When the base and PR branch are in different repos, it'll still work if the PR branch's repo is a fork of the base one.


No it doesn't. Here's the situation. You have an upstream repo github.com/fancyproject/fancyproject. You fork it to github.com/yourname/fancyproject. You make a branch `feature_0`, push it to yourname/fancyproject. Make a PR.

Next you create another branch `feature_1`, based on `feature_0`. You push `feature_1` to yourname/fancyproject. There is now no way to make a PR for `feature_1` that includes only the changes from feature_0 to feature_1. You can't do it because when you create the PR (in fancyproject/fancyproject) you can't select `feature_0` as a base branch because that branch doesn't exist in fancyproject/fancyproject.


Interesting.

Are you're saying that you'd want the commits for `feature_0` through `feature_1` to be in the PR (to the upstream fancyproject repo), and you'd want it to exclude the commits in the range from the fork commit through to `feature_0`?

While that's a very edge case scenario, I think (theoretically) you'd be able to do it if you first cherry-pick the commits you want onto a new branch based upon the same original fork commit that your repo forked from.

ie ensure the PR branch you create doesn't include any commits you want excluded

That should pretty much guarantee the PR goes smoothly. In theory. :)


> Are you're saying that you'd want the commits for `feature_0` through `feature_1` to be in the PR (to the upstream fancyproject repo), and you'd want it to exclude the commits in the range from the fork commit through to `feature_0`?

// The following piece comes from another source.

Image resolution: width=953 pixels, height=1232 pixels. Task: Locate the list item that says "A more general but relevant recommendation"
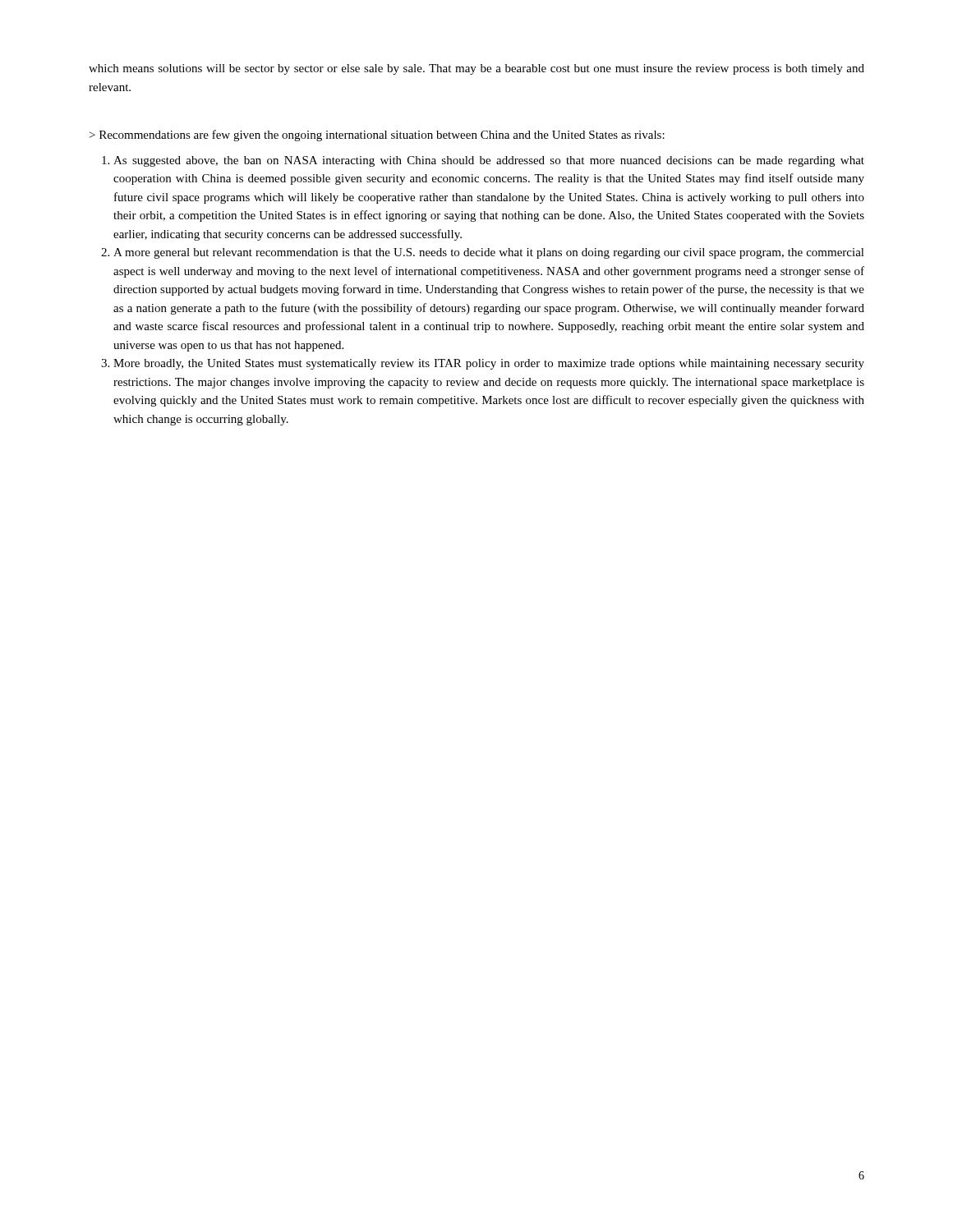(489, 299)
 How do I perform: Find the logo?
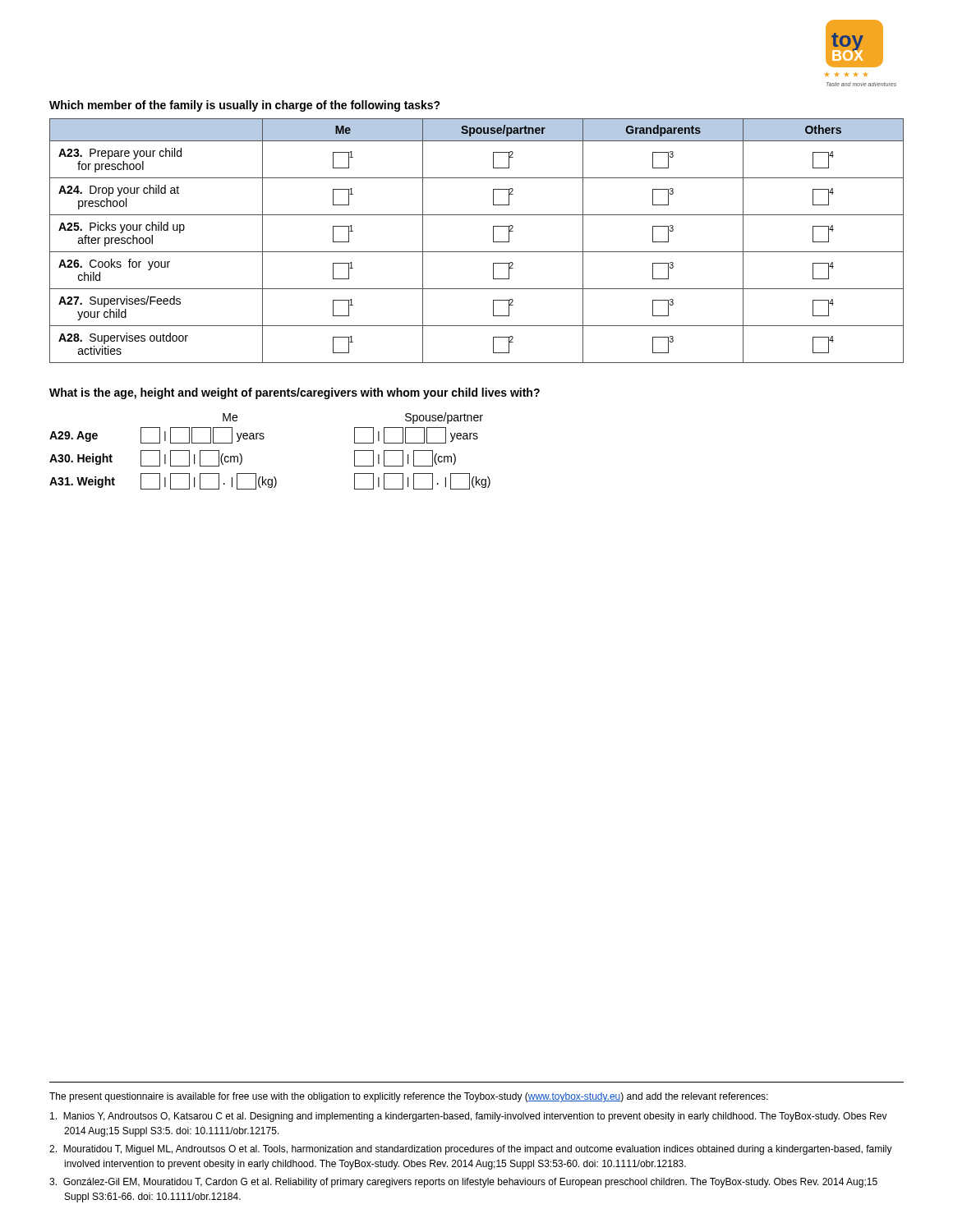point(875,53)

That's what stacked PRs are

You can review just the addition, knowing what it is building on top of.


GitHub is putting stacked PRs into private beta around now, actually.


link?



I just want the simple feature of PRs updating when the target branch changes. For example, say I have two tickets: T-100 and T-101. Both are targeting main, but T-101 builds on top of T-100. I put up a PR for the T-100 branch against main, and put up a PR for the T-101 branch against main.

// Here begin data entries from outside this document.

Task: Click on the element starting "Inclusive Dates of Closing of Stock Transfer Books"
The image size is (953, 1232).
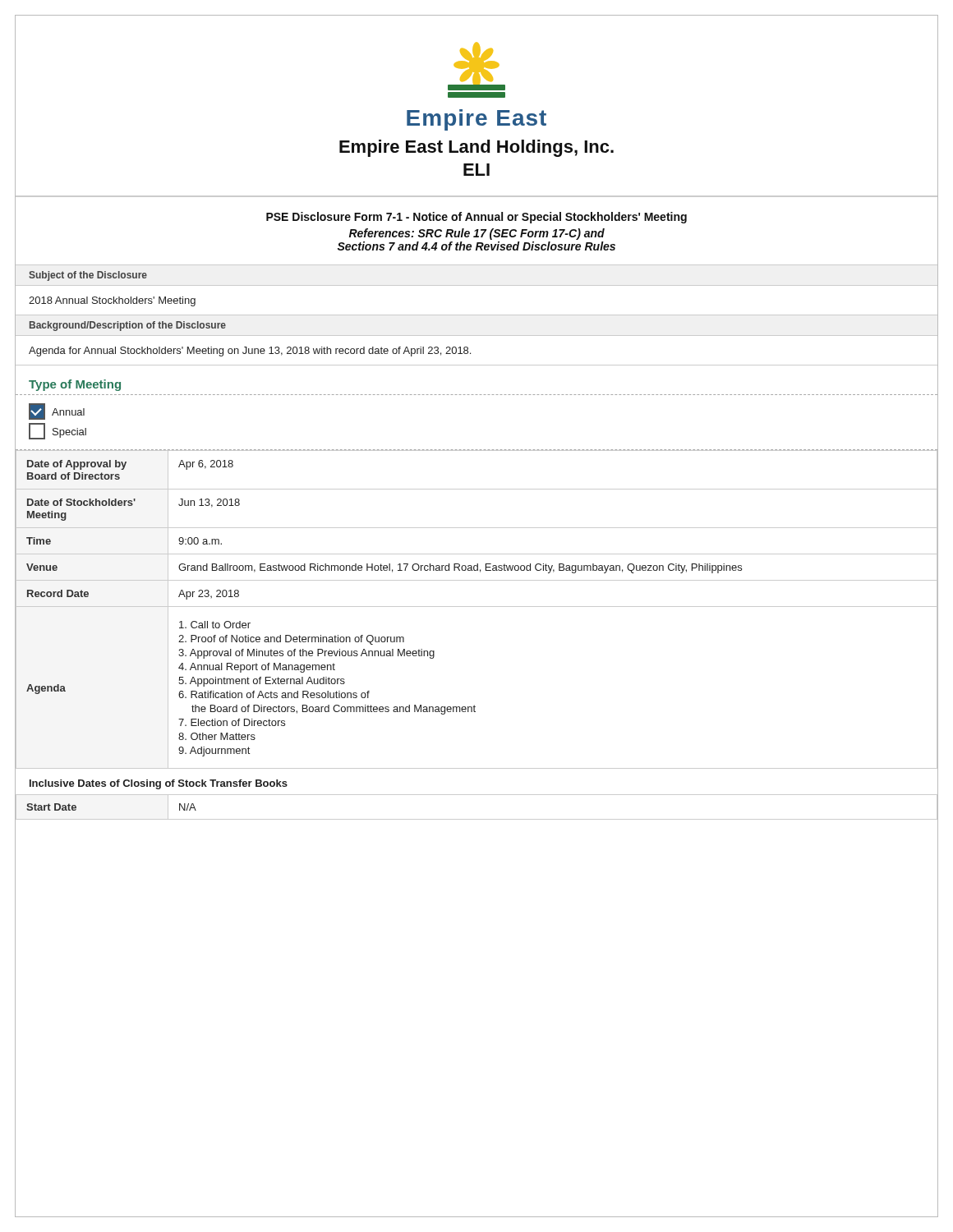Action: [x=158, y=783]
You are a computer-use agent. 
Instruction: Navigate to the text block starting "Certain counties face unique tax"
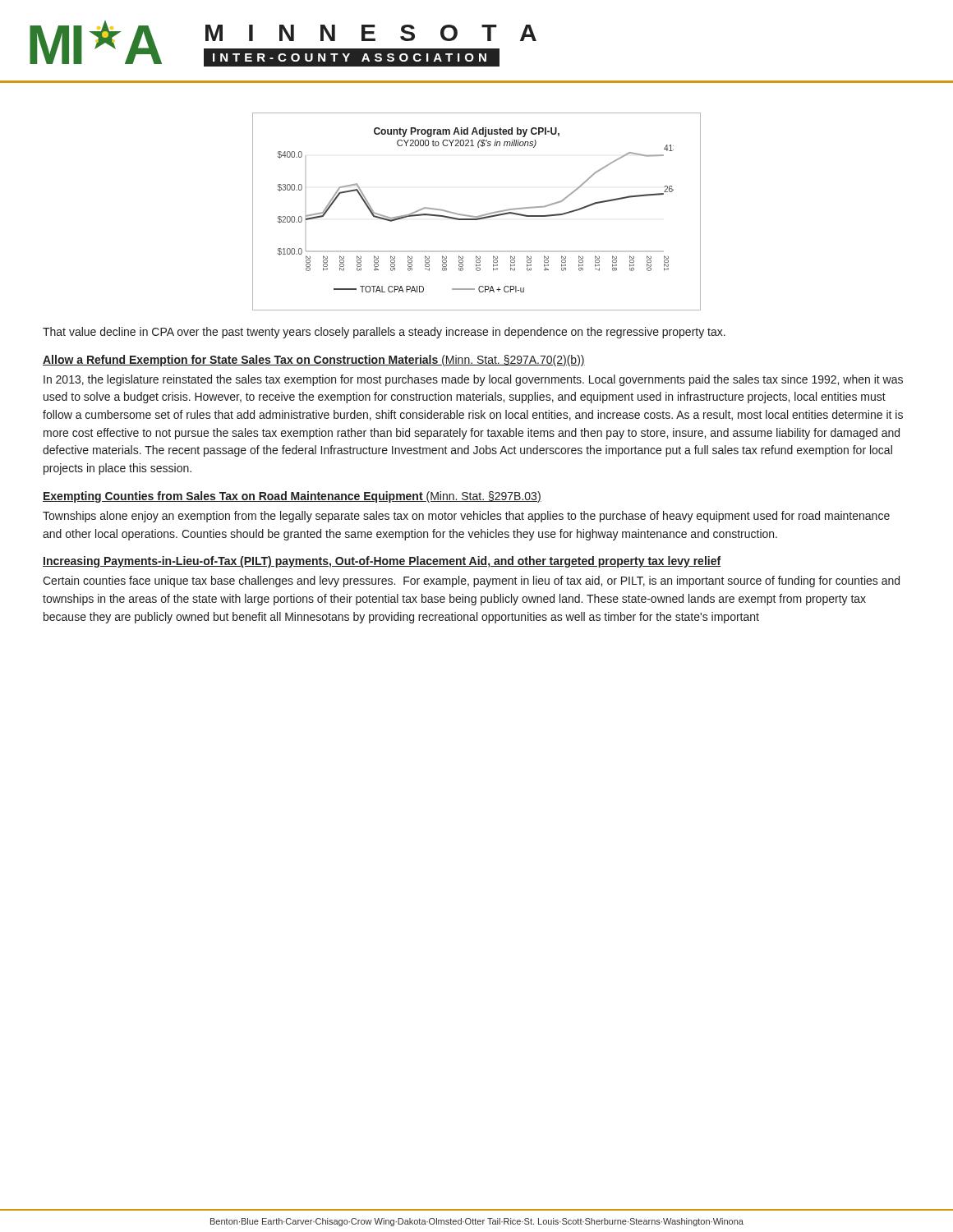point(472,599)

The T-101 PR can't really be reviewed yet, since you are looking at changes from both T-100 and T-101 (because T-101 was based on T-100).

Ideally, after T-100 is reviewed and merged, the T-101 PR would automatically update to show only the T-101 changes. But it doesn't. You have to manually rebase or merge main and push changes to the branch to get it to update. It would be great if GitHub handled this automatically.


Locked... I'm like 40% sure they'll mess this up in some way that makes it completely useless.


https://x.com/jaredpalmer/status/2019817235163074881

(this was a follow-up to the initial announcement months ago, also made via X)


Ah nice! I hope this actually works across repos rather than just being nicer UI for the existing functionality.